L’amortissement adopte, de son côté, un tarage particulièrement souple. Associé au travail poussé sur l’insonorisation, il confère à l’ensemble ce balancement feutré et moelleux qui s’effectue dans un silence presque ouaté.
Que les plus sensibles au mal de mer se rassurent toutefois: contrairement aux versions américaines que nous avons essayées, les modèles européens – du moins la 500e – recevront en complément des amortisseurs adaptatifs censés raffermir légèrement l’ensemble.

Peut-être gagnera-t-elle aussi un supplément de dynamisme au passage? Car si l’ES se montre agréable à conduire, elle n’incite jamais réellement à aller chercher les limites du train avant. Sur la 350e en tout cas, les pneus avant montrant assez vite leurs limites, tandis que la direction assistée électrique privilégie clairement la douceur à la fermeté. Mais est-ce une tare pour un modèle destiné à arpenter avant tout les grands axes en tout confort?
Par ailleurs, les huit rapports virtuels de la 500e – qui permettent cette fois de réellement «changer de vitesse» via les palettes au volant, plutôt que de simplement moduler la récupération d’énergie au freinage sur quatre niveaux comme dans la 350e – apportent une touche étonnamment engageante à la conduite.
Prix Lexus ES (2026)
Comme souvent chez Lexus, l’ES affiche des tarifs ambitieux. La version d’accès, la 350e Executive Line, débute ainsi à 65.800 €. Passer à la finition Privilege fait immédiatement grimper l’addition de près de 11.000 € supplémentaires, pour atteindre 76.500 €.

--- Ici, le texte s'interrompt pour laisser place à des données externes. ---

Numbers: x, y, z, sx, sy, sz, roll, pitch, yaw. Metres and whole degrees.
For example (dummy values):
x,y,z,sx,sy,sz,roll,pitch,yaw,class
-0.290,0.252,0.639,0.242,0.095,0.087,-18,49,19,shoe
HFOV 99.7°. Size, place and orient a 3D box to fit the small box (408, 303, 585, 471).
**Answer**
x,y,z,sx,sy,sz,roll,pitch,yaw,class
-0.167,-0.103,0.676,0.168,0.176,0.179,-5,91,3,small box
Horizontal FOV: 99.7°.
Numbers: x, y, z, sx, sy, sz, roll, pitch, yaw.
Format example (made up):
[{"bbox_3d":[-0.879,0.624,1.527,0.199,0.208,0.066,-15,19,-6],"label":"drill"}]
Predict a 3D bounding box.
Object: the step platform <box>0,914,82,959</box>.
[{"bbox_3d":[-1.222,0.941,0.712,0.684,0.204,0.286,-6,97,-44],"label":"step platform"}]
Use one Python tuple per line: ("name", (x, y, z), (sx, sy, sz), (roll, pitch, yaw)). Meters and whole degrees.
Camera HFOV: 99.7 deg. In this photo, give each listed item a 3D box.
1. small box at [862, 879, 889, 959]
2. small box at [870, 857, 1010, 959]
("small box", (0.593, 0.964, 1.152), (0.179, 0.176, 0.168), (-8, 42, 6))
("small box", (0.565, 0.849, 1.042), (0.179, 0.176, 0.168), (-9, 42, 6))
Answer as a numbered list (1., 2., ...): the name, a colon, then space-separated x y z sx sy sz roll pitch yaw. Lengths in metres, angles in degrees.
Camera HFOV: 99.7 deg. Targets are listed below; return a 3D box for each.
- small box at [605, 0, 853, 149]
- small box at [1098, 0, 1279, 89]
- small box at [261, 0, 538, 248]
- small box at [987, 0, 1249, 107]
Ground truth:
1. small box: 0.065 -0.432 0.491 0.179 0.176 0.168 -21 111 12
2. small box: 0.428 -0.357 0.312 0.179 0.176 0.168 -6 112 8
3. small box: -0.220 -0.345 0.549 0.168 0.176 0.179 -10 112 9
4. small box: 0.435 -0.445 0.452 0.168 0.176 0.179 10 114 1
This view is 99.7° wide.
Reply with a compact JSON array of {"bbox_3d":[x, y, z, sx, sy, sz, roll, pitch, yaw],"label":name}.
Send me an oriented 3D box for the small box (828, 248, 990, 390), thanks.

Pour accéder à la 500e, il faudra prévoir au minimum 70.900 €, auxquels pourront éventuellement s’ajouter quelques suppléments pour une peinture métallisée ou des jantes de 21'' – la liste des options restant autrement assez limitée. Particularité étonnante: la finition Privilege n’est pas disponible avec la transmission intégrale de la 500e. Une bizarrerie incompréhensible.
Verdict Lexus ES (2026)
Souvenez-vous: nous évoquions plus tôt la longue carrière de l’ES sur d’autres marchés. C’est précisément cet héritage qui explique pourquoi la berline Lexus risque, une fois encore, de rester marginale chez nous. Lors du développement de cette huitième génération, l’accent a en effet avant tout été mis sur la fiabilité et la longévité, soit deux qualités qui constituent depuis toujours le socle de la réputation de l’ES à l’international.
Les ingénieurs japonais ont donc accepté certains compromis en matière de puissance de charge, de capacité de batterie ou encore de performances. Un choix qui, malheureusement pour Lexus, réduit d’autant ses ambitions européennes et a fortiori belges. Car sur notre marché, ces critères figurent désormais en tête des priorités des clients fleet.
Dans un segment déjà peu populaire – celui des grandes berlines électriques de luxe –, l’ES doit ainsi affronter des rivales nettement plus convaincantes sur ces points essentiels, souvent à des tarifs comparables. Et comme toujours en automobile, choisir revient aussi à renoncer.